If by "shuffle" or "shuffles" you mean application of a uniformly distributed permutation, or of independent uniformly distributed permutations, then of course you are right. The buzz word here is "Haar measure" on the group $S_{52}$.

But if the second shuffle is cleverly chosen to be the inverse of the first, then of course the combined shuffling effect is trivial. In this case the random permutations are not independent.

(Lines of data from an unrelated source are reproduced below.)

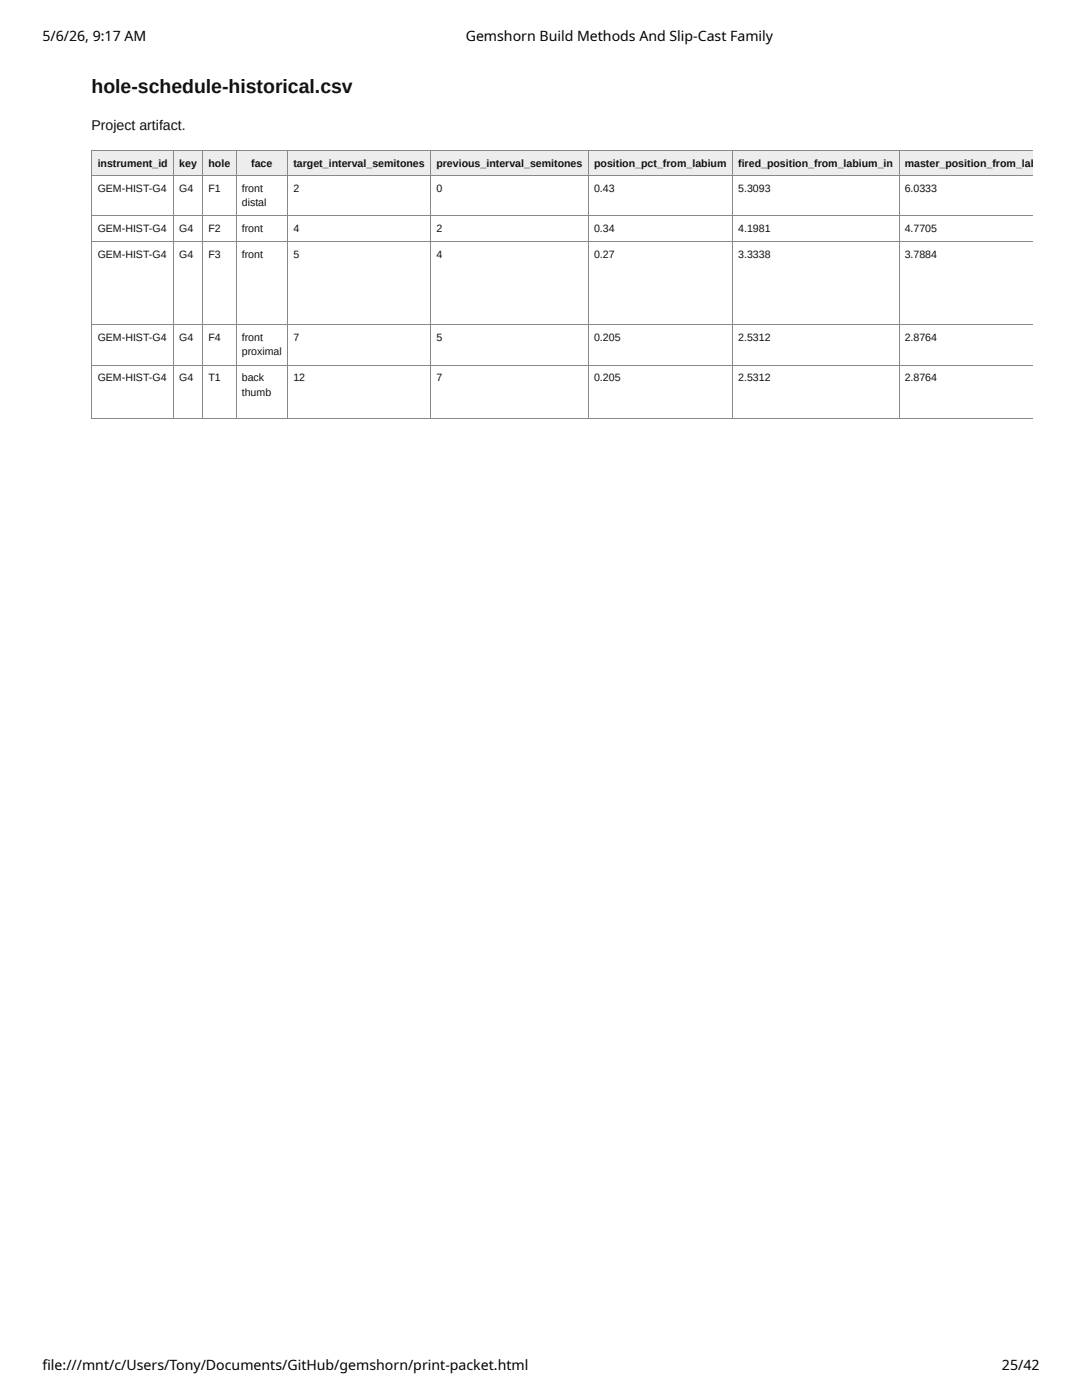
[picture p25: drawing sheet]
<svg xmlns="http://www.w3.org/2000/svg" width="216mm" height="279mm" viewBox="0 0 216 279" stroke-linecap="round" stroke-linejoin="round" font-family="sans-serif">
<defs><g id="words">
<text font-size="3.9" fill="#111" x="18.3" y="18.6">hole-schedule-historical.csv</text>
<g font-size="2.8">
<text x="8.5" y="8.2">5/6/26, 9:17 AM</text>
<text x="92.9" y="8.2">Gemshorn Build Methods And Slip-Cast Family</text>
<text x="8.5" y="273.3">fi le:///mnt/c/Users/Tony/Documents/GitHub/gemshorn/print-packet.html</text>
<text x="199.9" y="273.3">25/42</text>
</g>
<text font-size="2.8" fill="#111" x="18.3" y="26">Project artifact.</text>
<g font-size="2.1" fill="#111">
<text x="19.5" y="33.2">instrument_id</text>
<text x="35.8" y="33.2">key</text>
<text x="41.6" y="33.2">hole</text>
<text x="50.1" y="33.2">face</text>
<text x="58.5" y="33.2">target_interval_semitones</text>
<text x="87.1" y="33.2">previous_interval_semitones</text>
<text x="118.5" y="33.2">position_pct_from_labium</text>
<text x="147.3" y="33.2">fired_position_from_labium_in</text>
<text x="180.5" y="33.2">master_position_from_lab</text>
<text x="19.5" y="38.4">GEM-HIST-G4</text>
<text x="35.8" y="38.4">G4</text>
<text x="41.6" y="38.4">F1</text>
<text x="48.3" y="38.4">front</text>
<text x="48.3" y="41.2">distal</text>
<text x="58.5" y="38.4">2</text>
<text x="87.1" y="38.4">0</text>
<text x="118.5" y="38.4">0.43</text>
<text x="147.3" y="38.4">5.3093</text>
<text x="180.5" y="38.4">6.0333</text>
<text x="19.5" y="46.3">GEM-HIST-G4</text>
<text x="35.8" y="46.3">G4</text>
<text x="41.6" y="46.3">F2</text>
<text x="48.3" y="46.3">front</text>
<text x="58.5" y="46.3">4</text>
<text x="87.1" y="46.3">2</text>
<text x="118.5" y="46.3">0.34</text>
<text x="147.3" y="46.3">4.1981</text>
<text x="180.5" y="46.3">4.7705</text>
<text x="19.5" y="51.4">GEM-HIST-G4</text>
<text x="35.8" y="51.4">G4</text>
<text x="41.6" y="51.4">F3</text>
<text x="48.3" y="51.4">front</text>
<text x="58.5" y="51.4">5</text>
<text x="87.1" y="51.4">4</text>
<text x="118.5" y="51.4">0.27</text>
<text x="147.3" y="51.4">3.3338</text>
<text x="180.5" y="51.4">3.7884</text>
<text x="19.5" y="68">GEM-HIST-G4</text>
<text x="35.8" y="68">G4</text>
<text x="41.6" y="68">F4</text>
<text x="48.3" y="68">front</text>
<text x="48.3" y="70.8">proximal</text>
<text x="58.5" y="68">7</text>
<text x="87.1" y="68">5</text>
<text x="118.5" y="68">0.205</text>
<text x="147.3" y="68">2.5312</text>
<text x="180.5" y="68">2.8764</text>
<text x="19.5" y="76.1">GEM-HIST-G4</text>
<text x="35.8" y="76.1">G4</text>
<text x="41.6" y="76.1">T1</text>
<text x="48.3" y="76.1">back</text>
<text x="58.5" y="76.1">12</text>
<text x="87.1" y="76.1">7</text>
<text x="118.5" y="76.1">0.205</text>
<text x="147.3" y="76.1">2.5312</text>
<text x="180.5" y="76.1">2.8764</text>
<text x="48.3" y="78.9">thumb</text>
</g>
</g></defs>
<g fill="#e8eef8">
<path d="M18.4 29.9h16.3v5.1h-16.3z"/>
<path d="M34.7 29.9h5.8v5.1h-5.8z"/>
<path d="M40.5 29.9h6.7v5.1h-6.7z"/>
<path d="M47.2 29.9h10.2v5.1h-10.2z"/>
<path d="M57.4 29.9h28.6v5.1h-28.6z"/>
<path d="M86 29.9h31.4v5.1h-31.4z"/>
<path d="M117.4 29.9h28.7v5.1h-28.7z"/>
<path d="M146.1 29.9h33.2v5.1h-33.2z"/>
<path d="M179.3 29.9h26.7v5.1h-26.7z"/>
</g>
<g fill="none" stroke="#888" stroke-width=".2">
<path d="M18.3 30h187.7M18.3 35.1h187.7M18.3 29.9v53.8M34.6 29.9v53.8M40.4 29.9v53.8M47.1 29.9v53.8M57.3 29.9v53.8M85.9 29.9v53.8M117.5 29.9v53.8M146.2 29.9v53.8M179.4 29.9v53.8M18.3 43h187.7"/>
<path d="M18.3 48.2h187.7M18.3 64.7h187.7M18.3 72.8h187.7M18.3 83.6h187.7"/>
</g>
<use href="#words"/>
</svg>

If the successive shuffles are independent but not uniformly distributed (as is the case in the Diaconis and Aldous paper cited in a comment) then things get mathematically interesting: the second shuffle might well make the card deck more random than just the first shuffle alone, and one might (as those authors do) try to figure out, in quantitative terms, how much good repeated shuffles do.


To complete the answer by kimchi lover by a precise statement proving the non-increasing property the OP mentions : Exercise 4.4 p.59 of "Markov chain and mixing times" by Levin Peres.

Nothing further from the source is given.